Muchos analistas quedaron extasiados. Bastó con que Trump no se distrajera. Para Savannah Guthrie, de NBC: "Fue optimista, brillante, conciliador". Frank Luntz, un respetado encuestador republicano, pensó que sólo había una palabra para describirlo: "sorprendente". Tuiteó que el discurso había sido "una mezcla brillante de cifras e historias, humildad y agresividad, conservadurismo tradicional y populismo político". Jake Tapper de CNN distinguió una "bella prosa". Hasta The Washington Post vio "Un llamado al bipartidismo" (el encabezado de su primera plana) escondido en algún lado. Tres de cada cuatro espectadores estadounidenses aprobaron el discurso, según una encuesta de CBS News.
Trump ha reducido nuestras expectativas; ha acostumbrado a la gente al trasfondo de violencia y maldad que se oculta en casi cada frase; o peor, ha comenzado a hacer que lo disfruten. Ha habituado a los estadounidenses a la bufonería y las mentiras. Se llama a sí mismo "genio".
Si lo es, su genio reside en los más oscuros confines de la psique humana.
"¿Dónde está mi Roy Cohn?", se dice que Trump exclamó en meses recientes, frustrado por lo que ve como el fracaso por parte de su fiscal general de protegerlo de la investigación de la interferencia rusa en la elección de 2016. Cohn, el despiadado exabogado de Trump, fue el principal asesor del senador Joseph McCarthy durante las investigaciones histéricas sobre las actividades comunistas en los años cincuenta. Dicho de otro modo, ¿dónde está mi perro de ataque listo para hacer pedazos al fiscal especial Robert Mueller y al Estado de derecho?
Trump no tiene tropas de asalto. Estados Unidos no es Weimar. Sus instituciones democráticas permanecen fuertes. A pesar de ello, la república se ha corrompido de formas que podrían ser difíciles de revertirse, en especial si la presidencia de Trump dura dos periodos.
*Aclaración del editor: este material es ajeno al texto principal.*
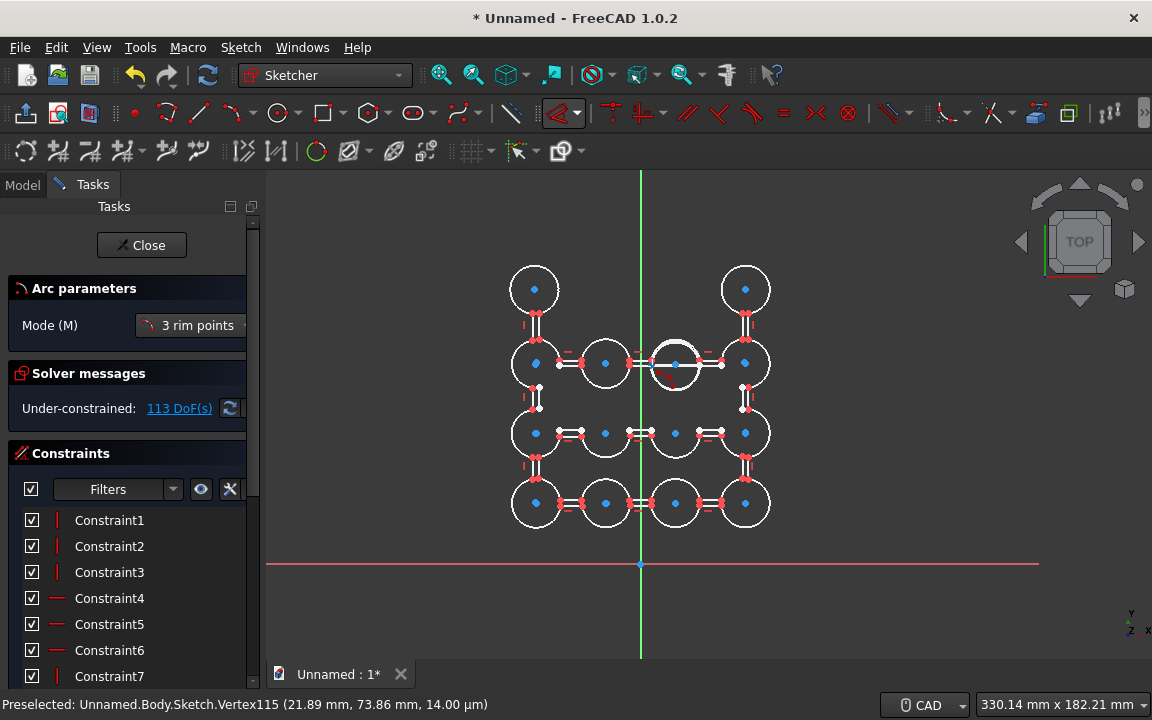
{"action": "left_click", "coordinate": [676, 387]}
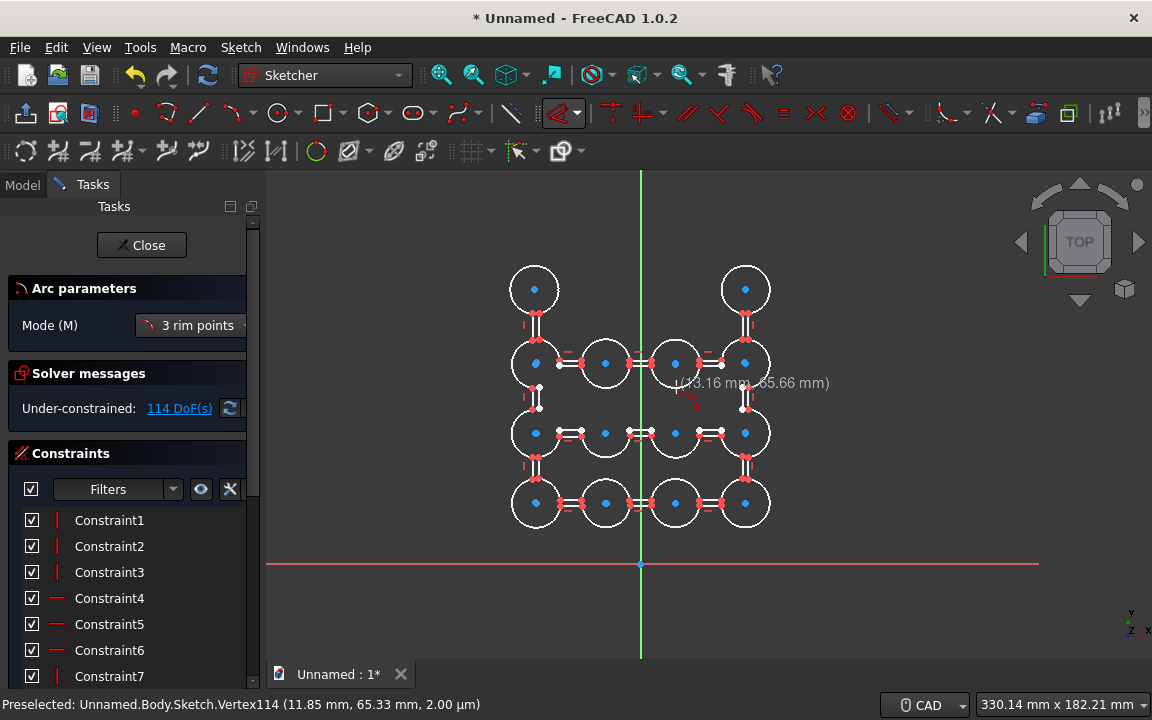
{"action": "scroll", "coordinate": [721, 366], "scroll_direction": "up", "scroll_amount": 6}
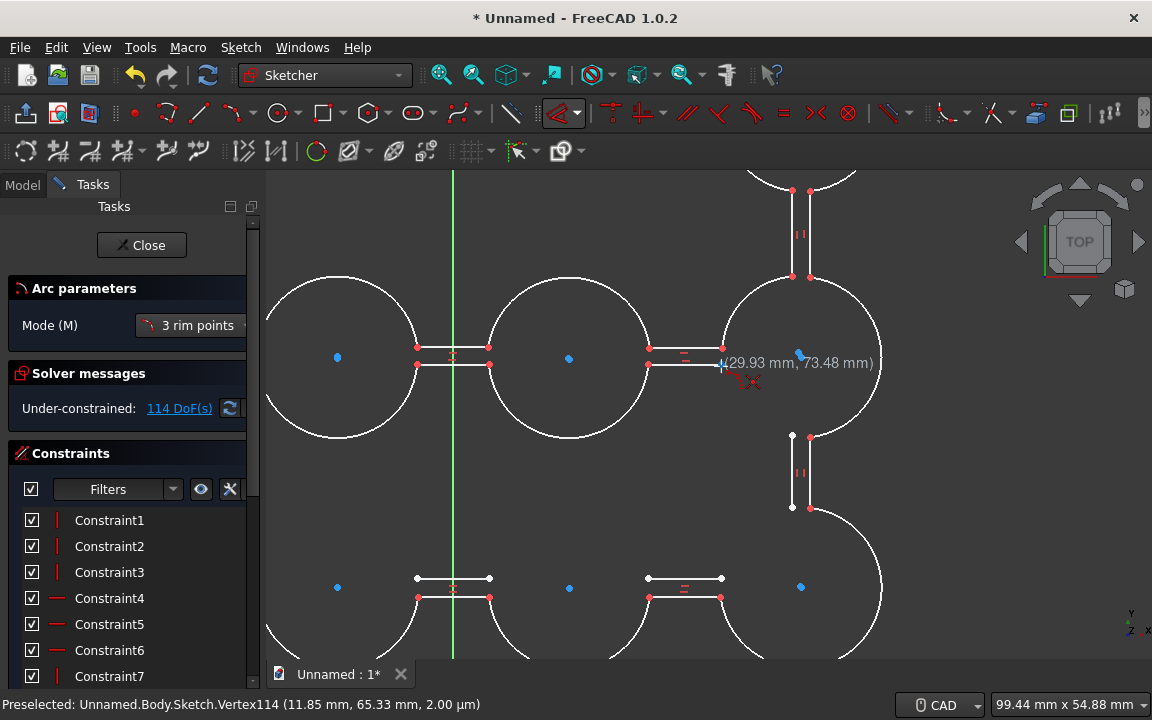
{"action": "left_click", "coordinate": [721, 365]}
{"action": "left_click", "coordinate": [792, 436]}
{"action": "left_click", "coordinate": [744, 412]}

No, Trump no es Hitler. Sin embargo, leer algunos de los encabezados de 1933, cuando el líder nazi se convirtió en canciller, nos hace ver la realidad. Justo después de la elección, The New York Times escribió: "Hitler abandona la intención de ser dictador". En The Daily Boston Globe, el mismo día, apareció: "Hitler pronuncia un programa moderado". The Times: "La 'aventura' alemana vista en Gran Bretaña". Este artículo expresaba duda respecto de si "la historia dirá si el nuevo canciller es un charlatán o un héroe".
Y nuestro propio charlatán hizo un discurso muy conciliador esta semana, ¿o no?